Shahid Beheshti University of Medical Sciences
- Type: Public
- Established: 1961
- President: Mohammad Esmail Ghidari (2025-now)
- Faculty: 1,300
- Students: 13,000
- Location: Tehran, Evin, next to Ayatollah Taleghani Hospital 35°48′00″N 51°23′53″E﻿ / ﻿35.800088°N 51.398057°E
- Campus: Urban;
- Website: www.sbmu.ac.ir

= Shahid Beheshti University of Medical Sciences =

University in Tehran, Iran

Shahid Beheshti University of Medical Sciences (SBUMS, دانشگاه علوم پزشکی و خدمات بهداشتی-درمانی شهيد بهشتی, Danushgah-e 'lum-e Pezeshki-ye vâ Xedâmat-e Behedashti - Dârmani-ye Shihid Beheshti) is one of the three medical universities in Tehran, the capital of Iran. It began in 1961 with the establishment of the Schools of Medicine and Dentistry. Following the merging of some of the treatment and educational units and organizations affiliated with the then-Ministry of Health and “Melli University” (National University) in 1986, Shahid Beheshti University of Medical Sciences began its activities independently.

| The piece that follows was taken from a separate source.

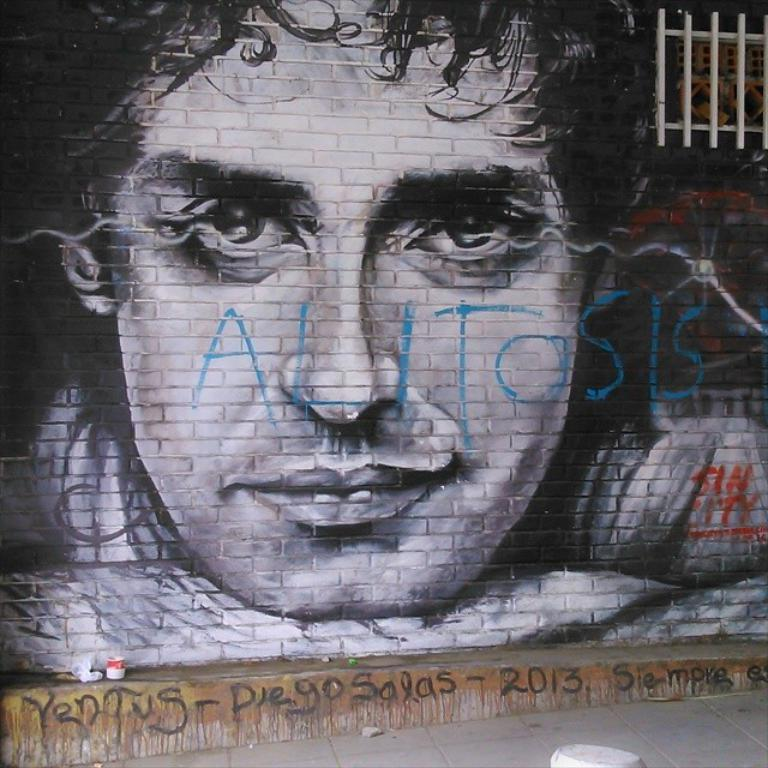What is depicted on the wall in the image? There is a sketch of a man on the wall. What is the facial expression of the man in the sketch? The man in the sketch is smiling. What architectural feature can be seen in the image? There is a window in the image. What is written at the bottom of the image? There is writing at the bottom of the image. How many houses are visible in the image? There are no houses visible in the image; it features a sketch of a man on the wall. What type of vase is placed on the table in the image? There is no vase present in the image.

The university is government funded.

==Former presidents==
- Dr. Fereydoon Azizi (1986-1991)
- Dr. Seyed Mahmood Tabatabaeifard(1991-1997)
- Dr. Habibollah Peyravi(1997-2005)
- Dr. Alireza Zali(2005-2008)
- Dr. Shahin Mohammadsadeghi(2008-2009)
- Dr. Mohammadreza Razaghi(2009-2011)
- Dr. Hassan Aboulghasemi(2011-2013)
- Dr. Ali asghar Peyvandi(2013-2017)
- Dr. Mohammad Haji Aghajani(2017-2019)
- Dr. Alireza Zali(2019-2025)

==Ranking==

Shahid Beheshti University of Medical Sciences has been included in several international university and research rankings. The results differ between ranking systems because each system uses its own methodology and indicators.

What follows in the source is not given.